◆ PROBLEM TO WORK ON
Where a line of the records holds the string "than", copy that line.

◆ GIVEN DATA
• • • • •

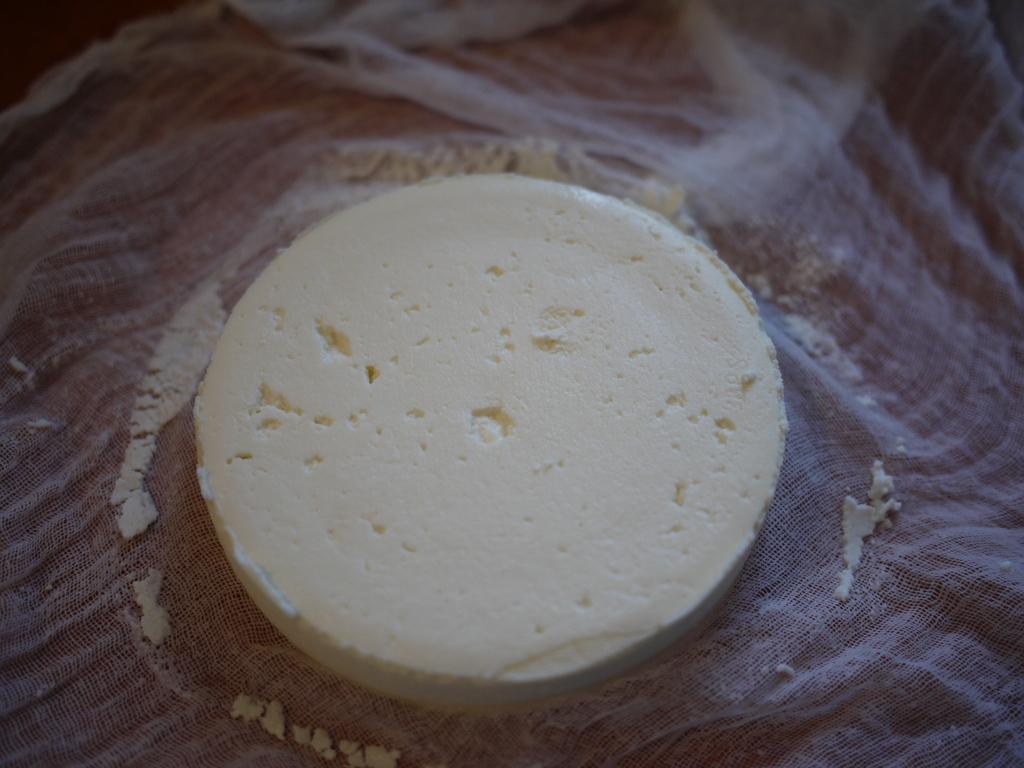Describe this image in one or two sentences. In this image there is a piece of tofu on the white cloth. 
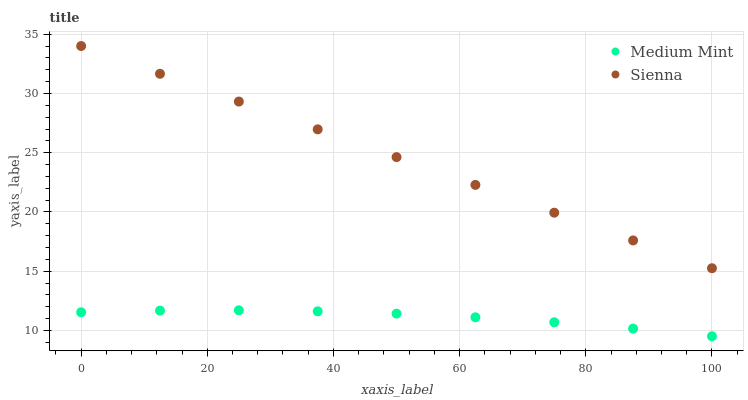Does Medium Mint have the minimum area under the curve?
Answer yes or no. Yes. Does Sienna have the maximum area under the curve?
Answer yes or no. Yes. Does Sienna have the minimum area under the curve?
Answer yes or no. No. Is Sienna the smoothest?
Answer yes or no. Yes. Is Medium Mint the roughest?
Answer yes or no. Yes. Is Sienna the roughest?
Answer yes or no. No. Does Medium Mint have the lowest value?
Answer yes or no. Yes. Does Sienna have the lowest value?
Answer yes or no. No. Does Sienna have the highest value?
Answer yes or no. Yes. Is Medium Mint less than Sienna?
Answer yes or no. Yes. Is Sienna greater than Medium Mint?
Answer yes or no. Yes. Does Medium Mint intersect Sienna?
Answer yes or no. No. 
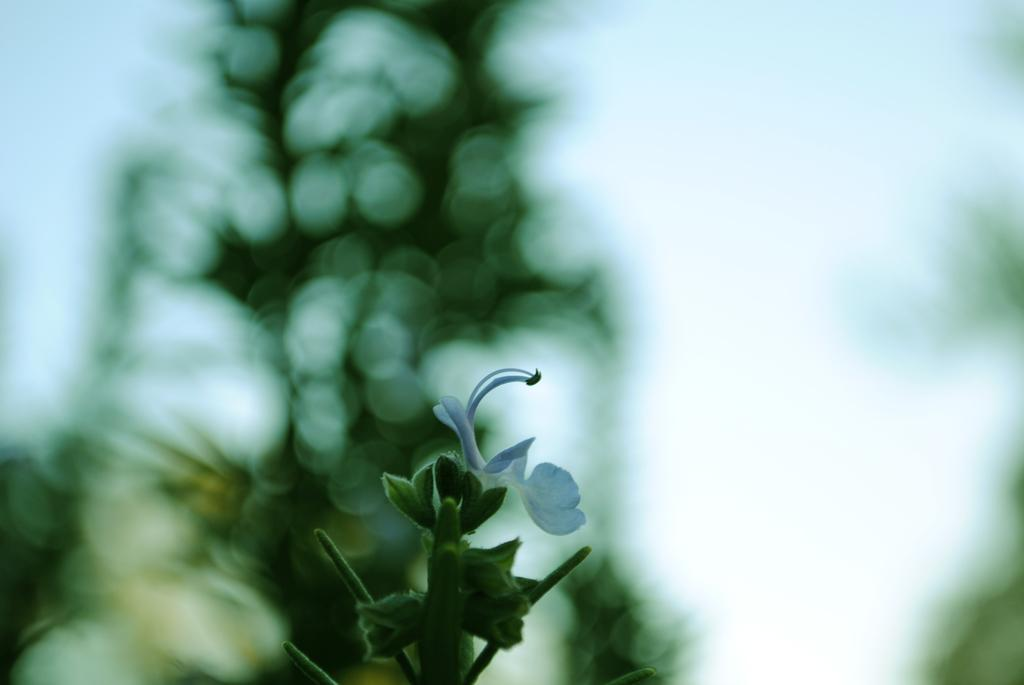Where was the image taken? The image was taken outdoors. What can be observed about the background of the image? The background of the image is blurred. What is the main subject in the image? There is a plant in the middle of the image. What is special about the plant in the image? The plant has a white flower on it. What type of produce is being sold at the school in the image? There is no school or produce present in the image; it features a plant with a white flower. What color is the ball that is being used to play with in the image? There is no ball present in the image; it features a plant with a white flower. 
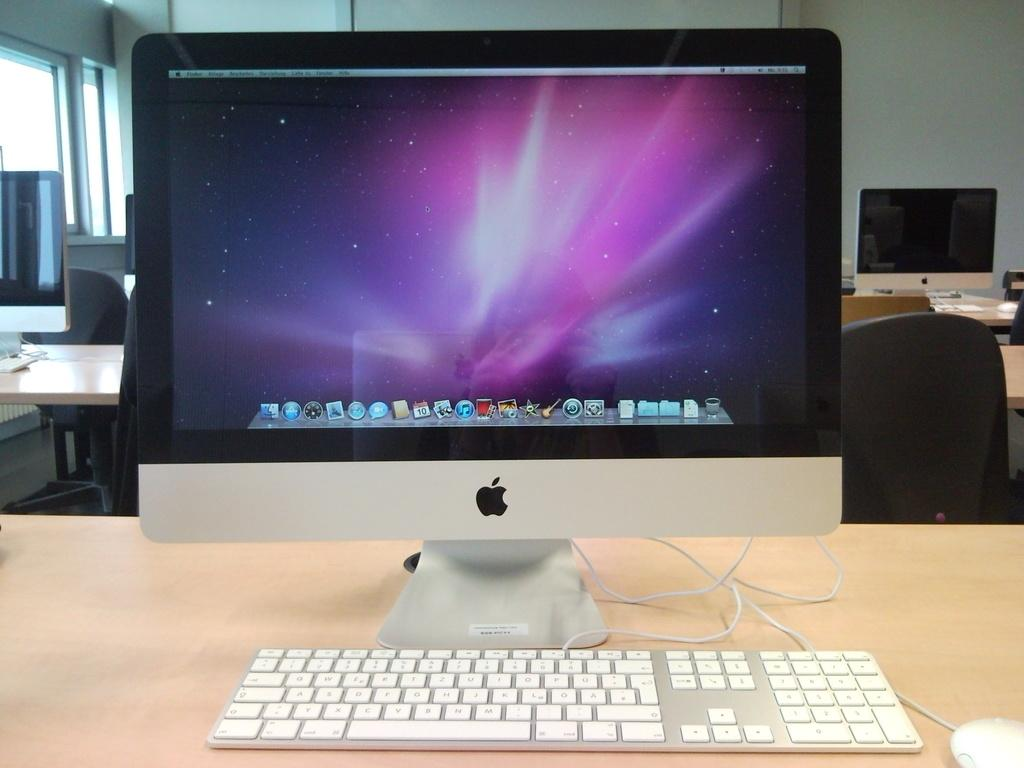What type of furniture is present in the image? There are chairs and tables in the image. What is placed on the tables? Monitors, keyboards, and mice are placed on the tables. What can be seen in the background of the image? There is a wall and a glass window in the background of the image. What is the smell of the chairs in the image? There is no information about the smell of the chairs in the image, as it is a visual medium. 
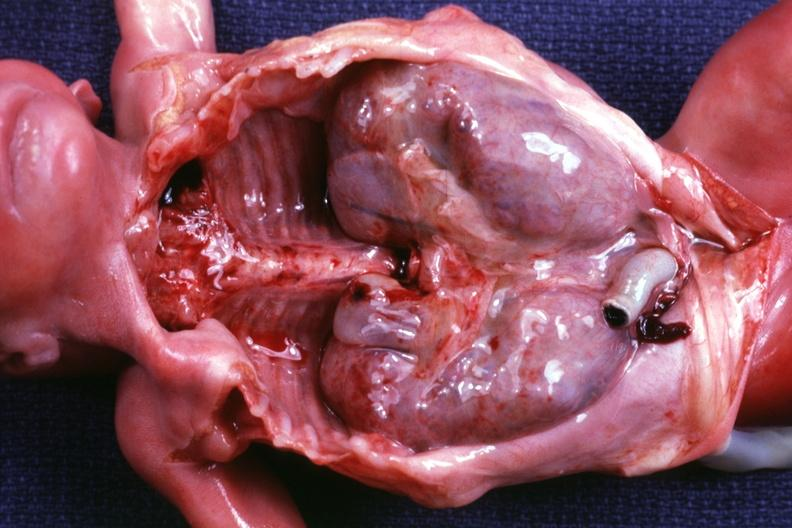s this therapy present?
Answer the question using a single word or phrase. No 
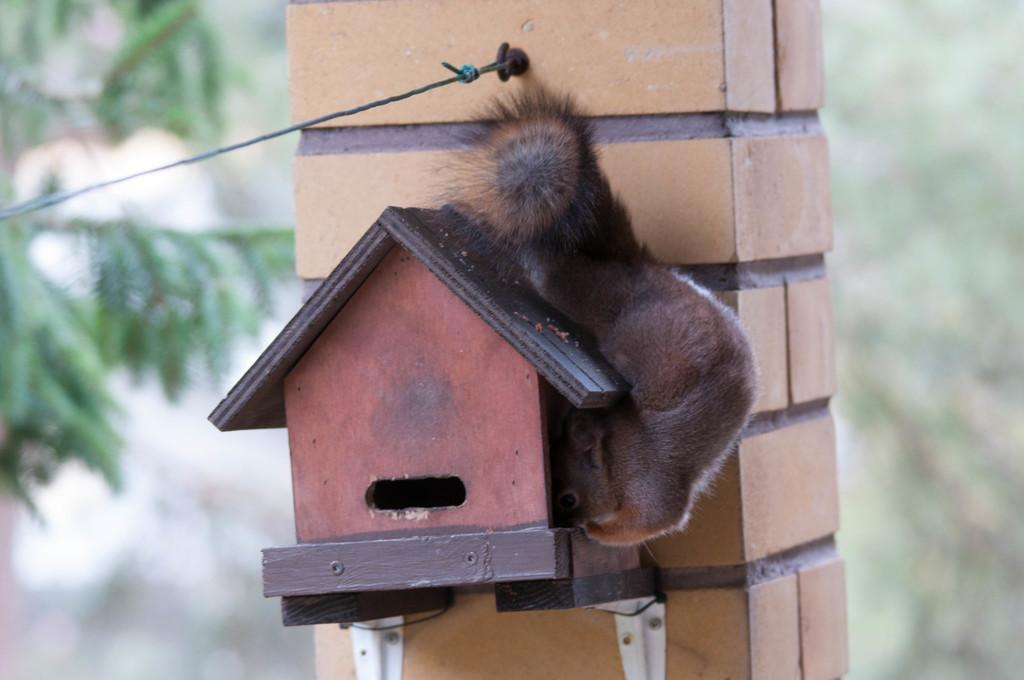What structure is located in the front of the image? There is a bird house in the front of the image. What else can be seen in the front of the image besides the bird house? There is an animal and a pillar in the front of the image. What is attached to the pillar in the front of the image? There is a rope attached to the pillar in the front of the image. What can be seen in the background of the image? The background of the image is blurry, but there are leaves visible. What type of soup is being served in the image? There is no soup present in the image. What type of hospital can be seen in the background of the image? There is no hospital present in the image; the background is blurry with leaves visible. 
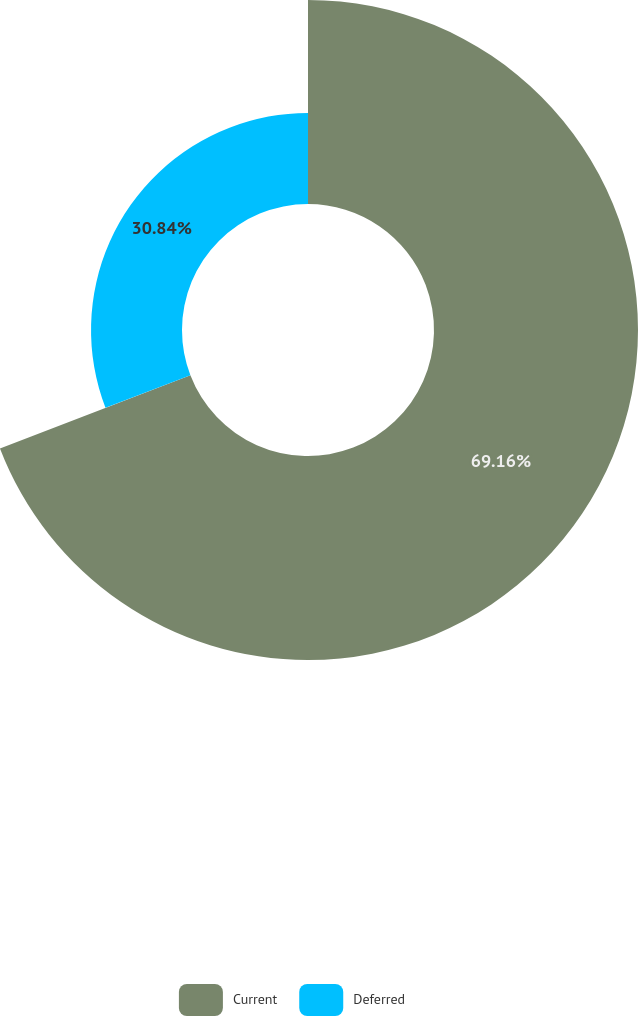<chart> <loc_0><loc_0><loc_500><loc_500><pie_chart><fcel>Current<fcel>Deferred<nl><fcel>69.16%<fcel>30.84%<nl></chart>

• • • • •

◆ RESULT OF THE TASK
Answer yes or no. Yes. Is Medium Mint less than Sienna?
Answer yes or no. Yes. Is Sienna greater than Medium Mint?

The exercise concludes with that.